Les officiers sont autorisés à prendre 30 kg de bagages, les sous-officiers et leurs soldats 15 kg. Les bagages doivent être transportés par des porteurs noirs ou par les véhicules de l’escorte française.

Le premier transport démarre le 23 septembre 1914 et le deuxième, dont je fais partie, le 25. Le chemin suit une route récemment ouverte qui commence à Save et se termine au Niger. On marche de nuit à la manière des troupes coloniales françaises, c’est à dire 50 minutes de marche, 10 minutes de repos. La distance entre chaque étape est de 20 à 30 km.
Les nuits sont très obscures à cette époque de l’année. Une lanterne pendant au fusil d’un tirailleur sénégalais qui marche en avant avec sept autres Noirs nous montre la route. Huit autres tirailleurs sénégalais ferment la marche de ce défilé de misère qui se tire en longueur, généralement le matin, car beaucoup d’hommes étaient fatigués, malades, avaient de grandes difficultés à marcher ou n’avaient pas l’habitude de marcher. A l’étape, le médecin français leur dit avec froideur : « doit marcher, un peu », c’est à dire tant que ceux qui sont en bonne santé. Les chaussures de beaucoup d’entre eux sont indescriptibles. Certains portent de simples bottes de route, d’autres devaient marcher avec des bottes légères en toile anti-moustique, et, à côté de moi, un assesseur portait même des bottines vernies. L’eau potable n’est ni bouillie, ni filtrée car il n’y a pas de filtres. A la première étape les assoiffés burent de l’eau argileuse dans laquelle nageaient des larves de moustiques et des têtards. A chaque bivouac on abat un bouvillon qui vaut ici 30 à 40 Fr. et qui est cuit dans deux marmites véhiculées en avance à la prochaine étape par le « cuistot » noir. Les indigènes qui veulent nous vendre des poulets, des œufs ou des fruits sont chassés et souvent battus par les tirailleurs sénégalais.

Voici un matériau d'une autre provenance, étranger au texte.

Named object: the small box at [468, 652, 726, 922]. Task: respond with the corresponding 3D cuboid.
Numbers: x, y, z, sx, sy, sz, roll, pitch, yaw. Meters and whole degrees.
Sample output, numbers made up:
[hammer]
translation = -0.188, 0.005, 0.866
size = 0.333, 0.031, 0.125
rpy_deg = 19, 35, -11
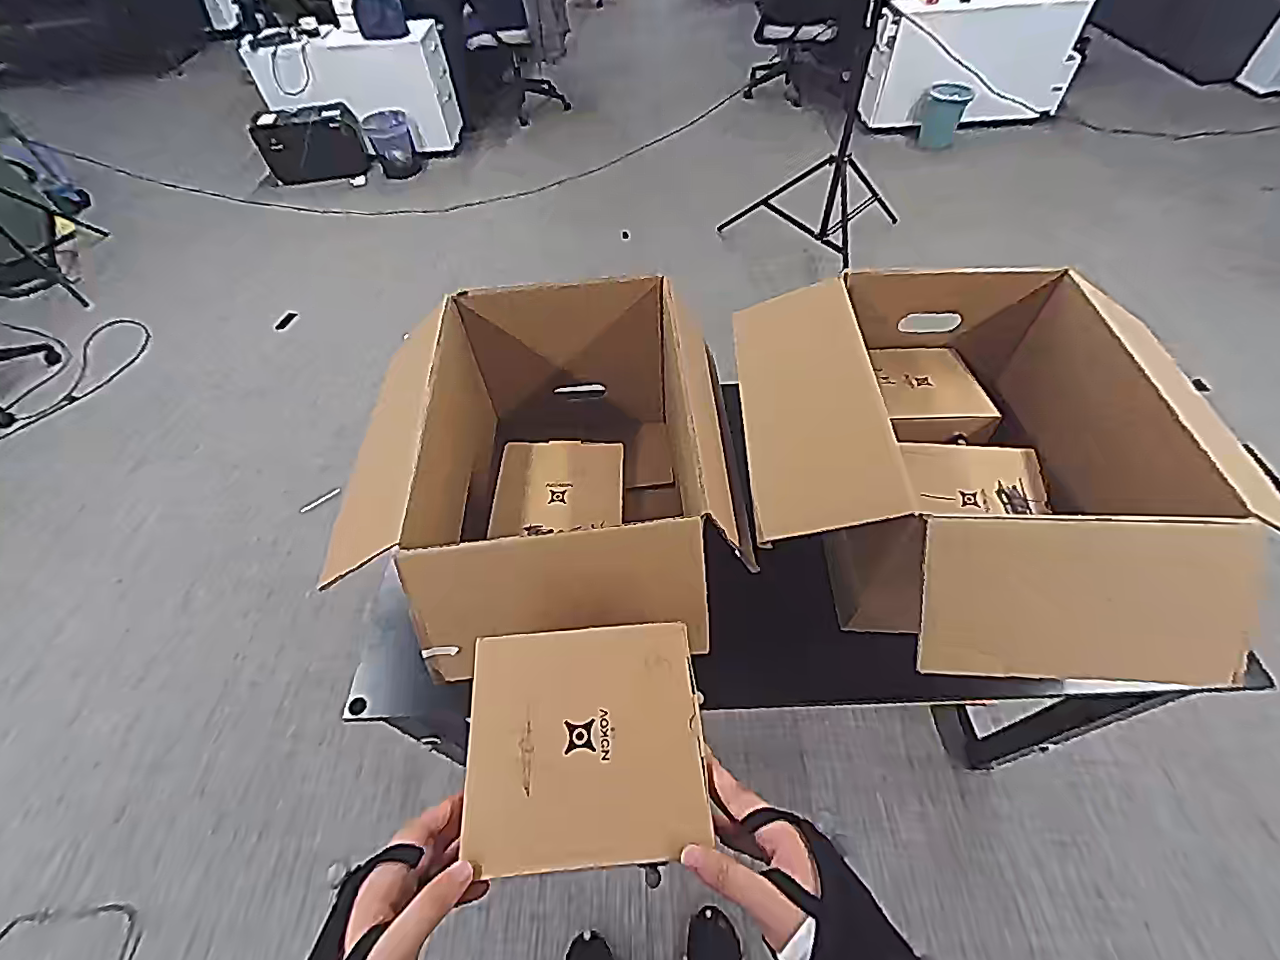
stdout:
[small box]
translation = -0.034, 0.265, 0.470
size = 0.179, 0.176, 0.168
rpy_deg = -6, 53, -2

L’ensemble du transport est dirigé par le capitaine français Gastin qui avait aussi participé à la bataille de Chra et à la conquête du Togo. Après trois marches de nuit qui mettaient en évidence la cruauté et l’inhumanité de toute cette opération, il me dit : « J’aurais préféré être tué à Chra au Togo plutôt que d’être chargé de cette misérable mission de vous conduire au Niger ». A notre demande insistante, par message télégraphique, il explicita une nouvelle fois à sa hiérarchie l’absurdité, l’inhumanité et l’impossibilité de cette tâche. Et le résultat ? Il est remplacé à Parakou. C’est le capitaine Bosch qui continue le travail de bourreau. « Vers le Niger, coûte que coûte » est de nouveau l’ordre de Dakar.

Pourquoi ce calvaire ? Pourquoi avoir choisi Gaya comme camp d’internement dont disait froidement le médecin français qu’il était connu dans toute la colonie française comme étant un endroit de dysenterie et de fièvre ? Nous avions beau nous creuser la tête, nous ne trouvions toujours que la seule réponse désolante à cette question incessante et lancinante : les Français veulent notre perte ! Ils ne veulent pas seulement nous montrer en spectacle, vaincus, à la population indigène, non, ils veulent aussi nous faire souffrir lentement, nous humilier et enfin nous laisser périr misérablement.

Nos médecins faisaient l’impossible avec le peu de médicaments et bandages qu’ils avaient pu amener du Togo afin de soulager les maux de la colonne en marche, les Français ne possédant pas de médicaments.

Le commandant Bosch prenait énergiquement ses fonctions en télégraphiant à la côte pour avoir des chaussures, et lorsqu’il y eu trop de malades, il faisait faire une étape plus longue à Kandi. Car lui aussi avait vu l’absurdité, pour ne pas dire la cruauté de la marche et avait dû en référé à Dakar dans ce but.

Nous étions arrivés à Kandi le 10 octobre. Ici, l’ordre fut enfin donné de sélectionner les 80 hommes les plus vaillants, mais tous officiers, et de les véhiculer sur les 300 kilomètres restant à parcourir jusqu’à Gaya. Dans notre situation le nom de Gaya résonnait comme un soulagement. Enfin nous allions pouvoir nous reposer.

le camp de Gaya, sur la rive gauche du Niger

Le 27 octobre, nous les 80 hommes, sommes arrivés à Gaya. Environ 22 huttes en paille avaient été érigées ici sur un lit de sable, le tout étant entouré d’une haie d’épines (voir illustration 29+37) - le camp du désert de Gaya ! Dans les huttes il y avait des jarres indigènes et rien d’autre ! Nos nattes qui avaient fait le chemin avec nous furent étalées sur le sol, et maintenant, selon les Français, tout a été fait pour assurer un hébergement humain aux prisonniers de guerre blancs d’Afrique, pour des mois, voire peut-être pour des années.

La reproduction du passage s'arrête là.